*** Given data Section Begins ***

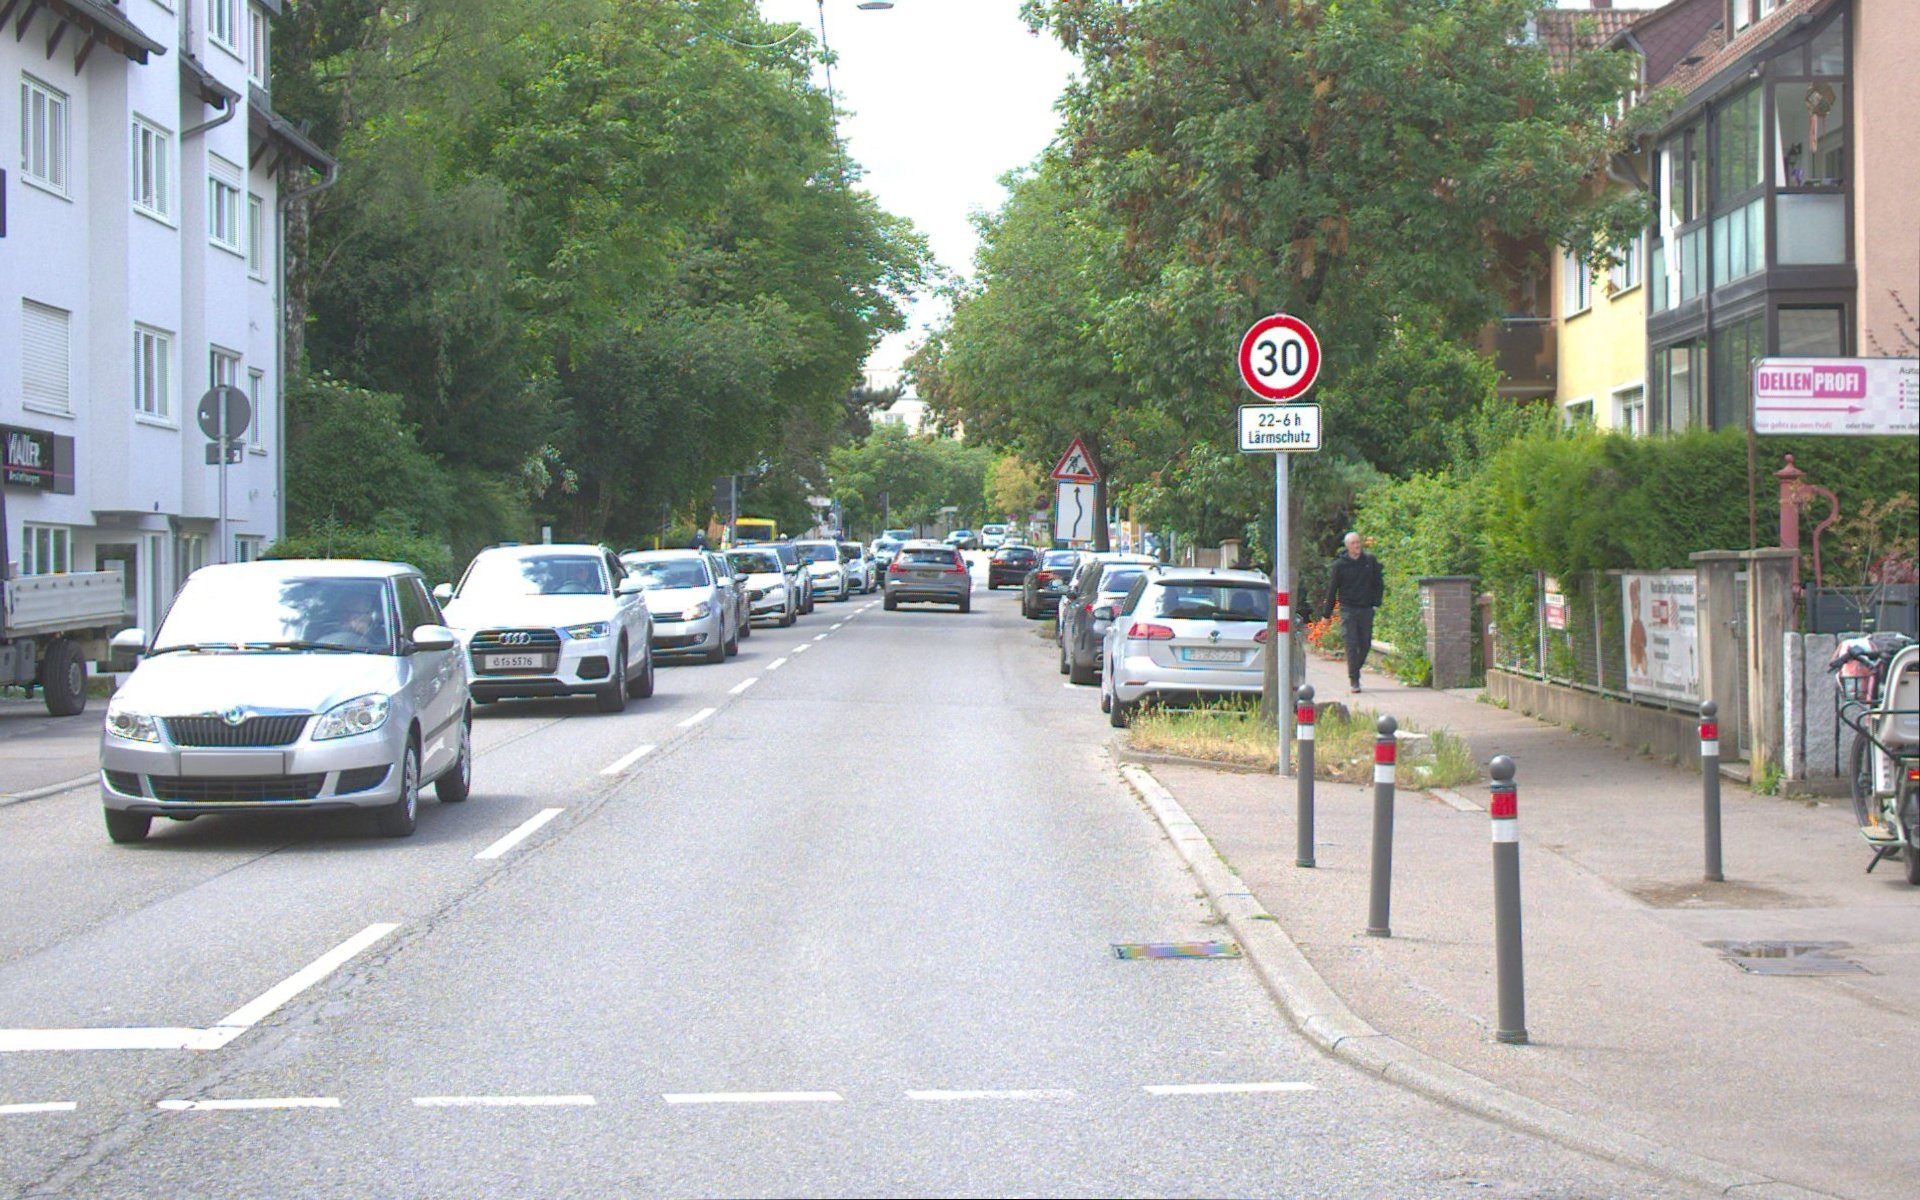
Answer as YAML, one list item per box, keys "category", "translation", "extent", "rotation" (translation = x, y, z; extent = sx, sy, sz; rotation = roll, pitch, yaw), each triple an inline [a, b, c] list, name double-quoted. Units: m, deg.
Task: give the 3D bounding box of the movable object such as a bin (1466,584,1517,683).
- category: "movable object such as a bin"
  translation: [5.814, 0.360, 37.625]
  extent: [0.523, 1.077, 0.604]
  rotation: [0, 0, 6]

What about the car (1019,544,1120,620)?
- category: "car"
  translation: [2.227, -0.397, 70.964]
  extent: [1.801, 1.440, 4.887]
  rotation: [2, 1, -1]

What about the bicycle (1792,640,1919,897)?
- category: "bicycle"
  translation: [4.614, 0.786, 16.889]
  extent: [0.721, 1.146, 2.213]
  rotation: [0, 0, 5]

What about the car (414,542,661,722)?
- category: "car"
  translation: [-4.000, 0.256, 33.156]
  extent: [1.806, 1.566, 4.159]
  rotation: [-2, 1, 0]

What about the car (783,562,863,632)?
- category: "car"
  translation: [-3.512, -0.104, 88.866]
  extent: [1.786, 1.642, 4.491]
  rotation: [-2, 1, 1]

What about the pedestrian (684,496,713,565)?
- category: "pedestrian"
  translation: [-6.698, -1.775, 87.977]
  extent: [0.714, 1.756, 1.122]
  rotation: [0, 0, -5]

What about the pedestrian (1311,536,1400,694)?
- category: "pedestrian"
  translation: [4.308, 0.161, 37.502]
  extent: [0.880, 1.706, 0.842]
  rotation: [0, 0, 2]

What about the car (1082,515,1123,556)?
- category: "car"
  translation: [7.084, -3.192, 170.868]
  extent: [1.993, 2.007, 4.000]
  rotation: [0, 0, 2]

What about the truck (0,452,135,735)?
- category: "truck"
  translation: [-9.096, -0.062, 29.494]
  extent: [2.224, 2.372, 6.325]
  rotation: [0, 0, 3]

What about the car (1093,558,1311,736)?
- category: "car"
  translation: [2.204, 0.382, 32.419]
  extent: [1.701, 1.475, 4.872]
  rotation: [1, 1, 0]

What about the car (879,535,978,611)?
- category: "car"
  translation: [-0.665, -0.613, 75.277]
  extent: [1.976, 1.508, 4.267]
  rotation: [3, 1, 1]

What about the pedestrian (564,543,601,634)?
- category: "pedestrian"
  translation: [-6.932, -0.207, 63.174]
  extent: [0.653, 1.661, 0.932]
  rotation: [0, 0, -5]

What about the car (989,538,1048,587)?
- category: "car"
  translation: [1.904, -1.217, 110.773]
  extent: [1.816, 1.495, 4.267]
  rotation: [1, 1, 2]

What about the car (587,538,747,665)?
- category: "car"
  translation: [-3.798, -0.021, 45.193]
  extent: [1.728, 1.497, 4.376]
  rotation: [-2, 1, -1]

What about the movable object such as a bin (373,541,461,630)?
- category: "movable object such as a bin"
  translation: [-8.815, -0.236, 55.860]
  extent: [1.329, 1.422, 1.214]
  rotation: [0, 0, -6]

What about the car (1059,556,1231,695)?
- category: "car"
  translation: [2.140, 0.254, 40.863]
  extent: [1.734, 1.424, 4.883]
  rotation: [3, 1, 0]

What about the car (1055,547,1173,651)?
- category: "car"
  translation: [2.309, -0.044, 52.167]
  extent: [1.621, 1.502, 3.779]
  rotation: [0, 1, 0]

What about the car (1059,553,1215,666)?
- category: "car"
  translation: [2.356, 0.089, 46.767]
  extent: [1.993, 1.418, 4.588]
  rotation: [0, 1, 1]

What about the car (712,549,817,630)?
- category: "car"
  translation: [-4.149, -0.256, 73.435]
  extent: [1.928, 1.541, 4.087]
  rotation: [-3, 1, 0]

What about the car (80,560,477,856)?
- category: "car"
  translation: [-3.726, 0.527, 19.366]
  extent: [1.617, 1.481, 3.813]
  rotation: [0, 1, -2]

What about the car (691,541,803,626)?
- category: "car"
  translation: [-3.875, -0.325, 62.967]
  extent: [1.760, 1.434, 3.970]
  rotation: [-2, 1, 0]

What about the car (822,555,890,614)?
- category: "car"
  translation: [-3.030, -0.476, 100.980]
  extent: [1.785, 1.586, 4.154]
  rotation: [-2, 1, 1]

*** Given data Section Ends ***

• Problem details: The range runs from the line with "What about the car (989,538,1048,587)?" to the last line of the entries above, both included. Restate it word for word.

• Worked solution:
What about the car (989,538,1048,587)?
- category: "car"
  translation: [1.904, -1.217, 110.773]
  extent: [1.816, 1.495, 4.267]
  rotation: [1, 1, 2]

What about the car (587,538,747,665)?
- category: "car"
  translation: [-3.798, -0.021, 45.193]
  extent: [1.728, 1.497, 4.376]
  rotation: [-2, 1, -1]

What about the movable object such as a bin (373,541,461,630)?
- category: "movable object such as a bin"
  translation: [-8.815, -0.236, 55.860]
  extent: [1.329, 1.422, 1.214]
  rotation: [0, 0, -6]

What about the car (1059,556,1231,695)?
- category: "car"
  translation: [2.140, 0.254, 40.863]
  extent: [1.734, 1.424, 4.883]
  rotation: [3, 1, 0]

What about the car (1055,547,1173,651)?
- category: "car"
  translation: [2.309, -0.044, 52.167]
  extent: [1.621, 1.502, 3.779]
  rotation: [0, 1, 0]

What about the car (1059,553,1215,666)?
- category: "car"
  translation: [2.356, 0.089, 46.767]
  extent: [1.993, 1.418, 4.588]
  rotation: [0, 1, 1]

What about the car (712,549,817,630)?
- category: "car"
  translation: [-4.149, -0.256, 73.435]
  extent: [1.928, 1.541, 4.087]
  rotation: [-3, 1, 0]

What about the car (80,560,477,856)?
- category: "car"
  translation: [-3.726, 0.527, 19.366]
  extent: [1.617, 1.481, 3.813]
  rotation: [0, 1, -2]

What about the car (691,541,803,626)?
- category: "car"
  translation: [-3.875, -0.325, 62.967]
  extent: [1.760, 1.434, 3.970]
  rotation: [-2, 1, 0]

What about the car (822,555,890,614)?
- category: "car"
  translation: [-3.030, -0.476, 100.980]
  extent: [1.785, 1.586, 4.154]
  rotation: [-2, 1, 1]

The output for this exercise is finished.